The motor might work if the tiller was a Mantis or Honda FG 110, but a full sized model needs at least a 3 HP AC induction motor. Since this is a variable cycle type load then a 3 HP AC induction motor will replace up to a 4.5 HP gas engine. For such a motor you will need a double pole contactor, 230 volts AC (+-10%), at least 10 AWG if you plan to run 50 foot drop cord for reduced voltage drop, and a 30 AMP double pole circuit breaker in your breaker box. I assume you know how to wire up a 240 volt type outlet. Fuses are NOT needed however. Thermal overloads are what protect motors, not fuses or circuit breakers.


----------



## hoowahfun (Jun 28, 2012)

TigerNut said:


> Your drawing is fine, but check the power rating of the engine that's currently on that tiller. I don't think that a 1/3 HP electric motor is going to help you very much, other than to turn a fan which will cool the motor that will actually do the work.
> 
> If your tiller is like this one
> http://www.youtube.com/watch?v=uoeAtnT2zvM
> ...


When I first had the idea I did a little browsing online and found this video:

http://www.youtube.com/watch?v=3M3y_IAJs3U

States it was a 4 HP replaced with a 1/4 HP AC motor. The info I gathered on mine said it was a 4 HP motor as well and I thought since my electric motor was larger than the one in the video I would be okay. It seems there are many conflicting opinions on how to match gas HP to electric (HP is HP, but the way HP is measured on gas engines can be skewed). Seems to be an educated guess unless you have any practical data.



Dennis said:


> A 10 amp switch may not be enough because of inrush current. Typically you will see switches rated for higher current than the AC motor's full load current, but on the switch it will tell you what size HP AC motor it is rated for which from calculation to find current from power will be less current than what you would think based on the switch's current rating.

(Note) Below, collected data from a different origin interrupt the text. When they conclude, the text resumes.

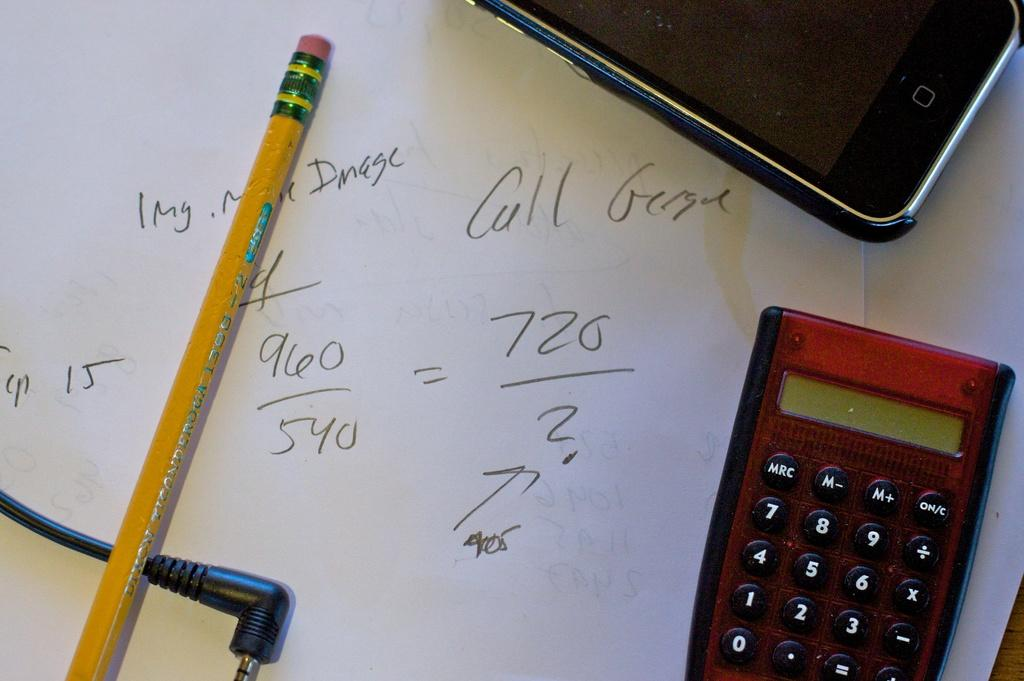<image>
Write a terse but informative summary of the picture. a paper with a 960 digit near the middle 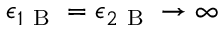Convert formula to latex. <formula><loc_0><loc_0><loc_500><loc_500>\epsilon _ { 1 B } = \epsilon _ { 2 B } \rightarrow \infty</formula> 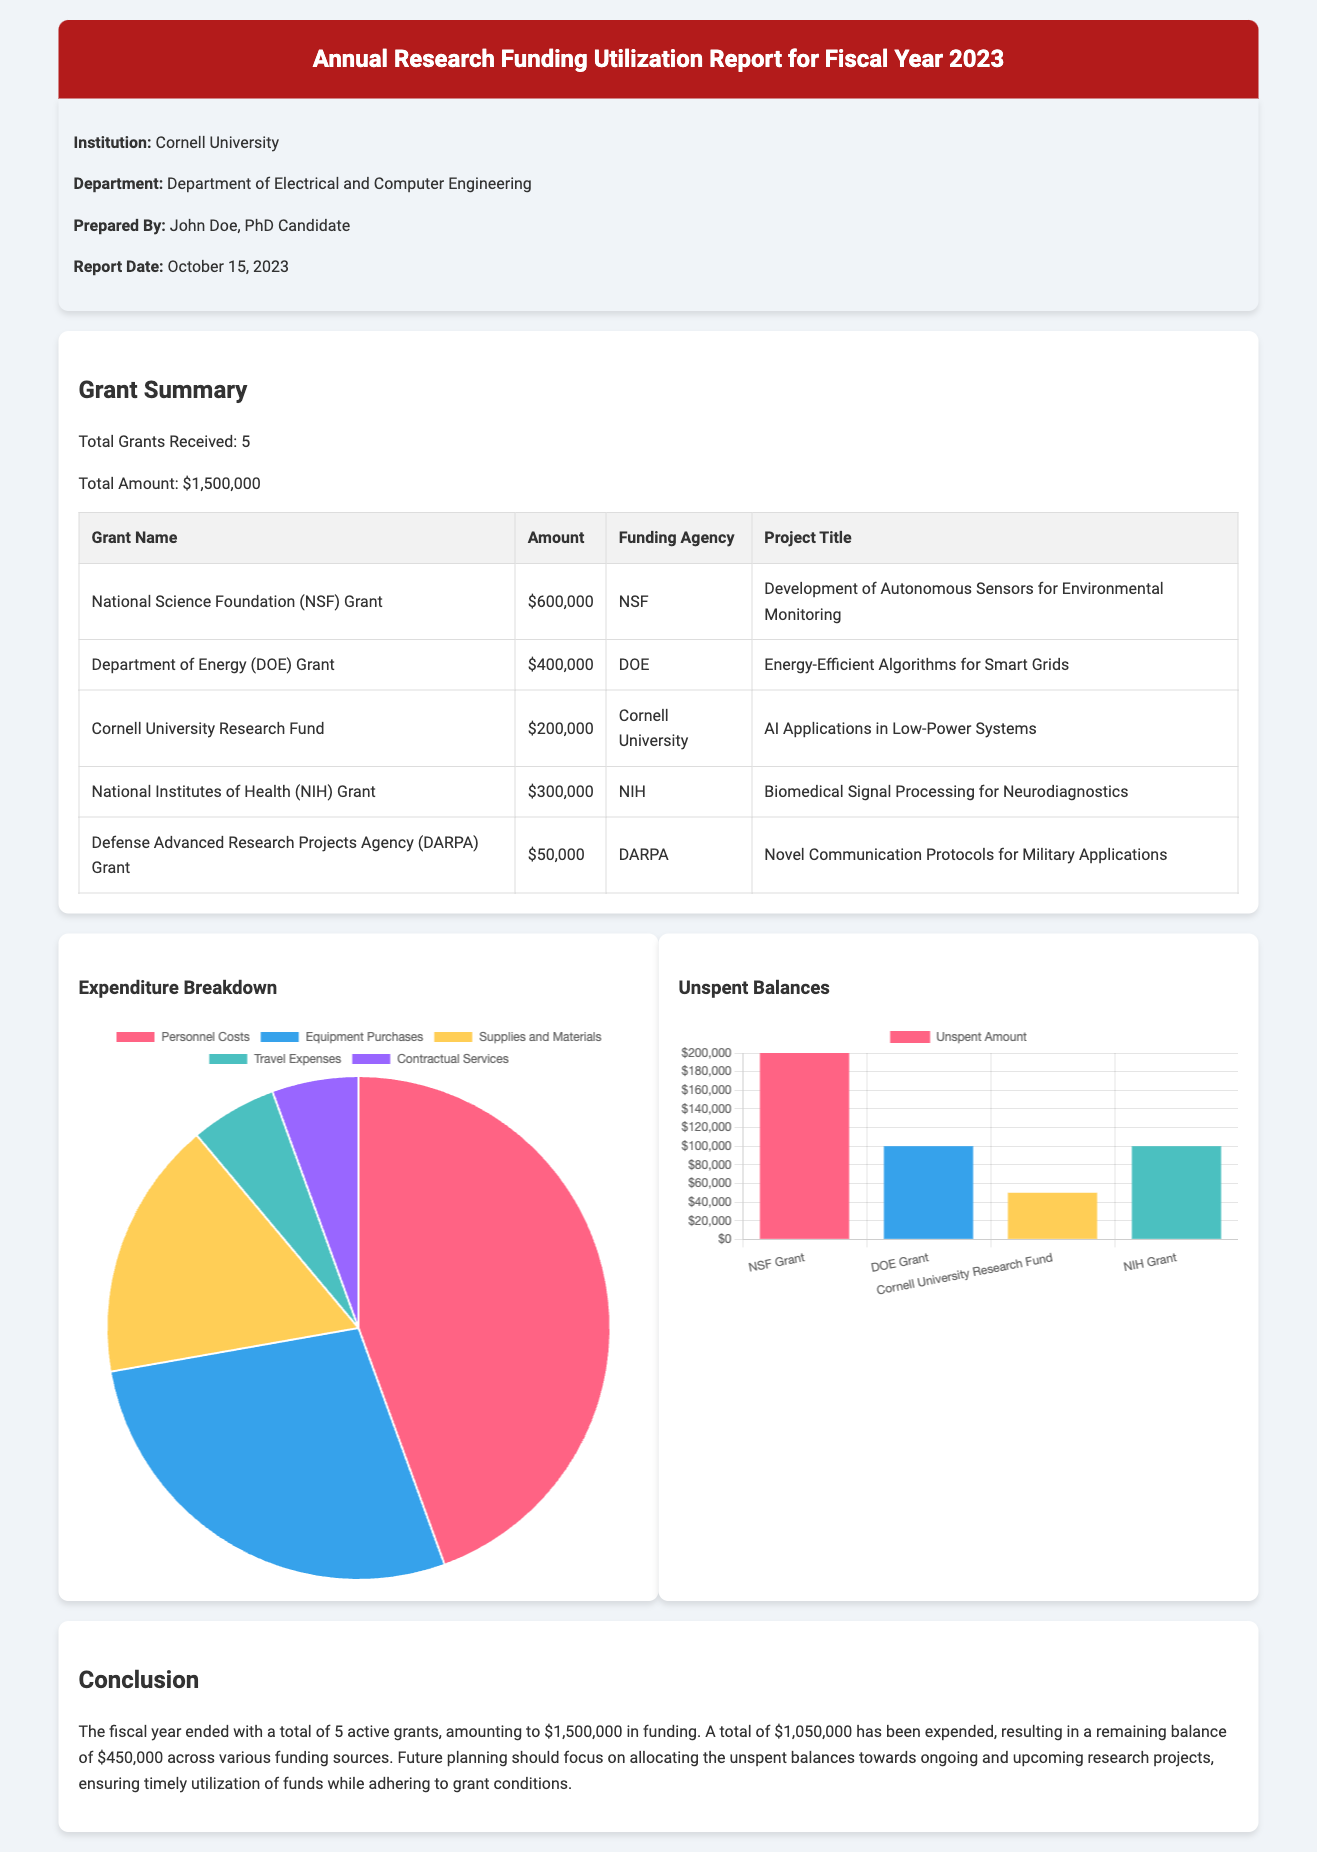What is the total number of grants received? The total number of grants received is explicitly stated in the report summary.
Answer: 5 What is the total amount of funding received? The total amount of funding is mentioned in the grant summary of the report.
Answer: $1,500,000 What is the title of the project funded by the Department of Energy grant? The specific project title associated with the Department of Energy grant can be found in the grant table.
Answer: Energy-Efficient Algorithms for Smart Grids What is the unspent amount for the Cornell University Research Fund? The unspent balance for each grant is detailed within the unspent balances chart.
Answer: $50,000 How much has been expended in total? The total expenditure amount is provided in the report's conclusion.
Answer: $1,050,000 Which agency funded the grant for Biomedical Signal Processing? The funding agency for this grant is listed in the grant table associated with the project.
Answer: NIH What percentage of the total amount remains unspent? The unspent balance is calculated as the difference between total funding and total expenditure, which relates to the financial situation detailed in the report.
Answer: 30% What type of report is this document classified as? The classification of the document can be inferred from the title and content.
Answer: Financial Report What are the two charts displayed in the report? The report contains two charts, each focusing on different aspects of funding utilization.
Answer: Expenditure Breakdown and Unspent Balances

I didn't see a motor HP rating on the switches I had selected. Is there a way to calculate the inrush current for a motor at startup? I'll have to look for a HP rating on motor switches in the future.



Dennis said:


> Fuses are NOT needed however. Thermal overloads are what protect motors, not fuses or circuit breakers


Thanks for the tip. In researching this idea I did see that a circuit breaker wouldn't be sufficient due to slow response time. Good to see a confirmation on that. With this being alternating current would you recommend having a thermal overload on each side of the motor? Or does it matter?


----------



## TigerNut (Dec 18, 2009)

Well that does look pretty encouraging. Part of it is all about having the right pulleys so you get the speed reduction you're looking for; that will also multiply the torque accordingly.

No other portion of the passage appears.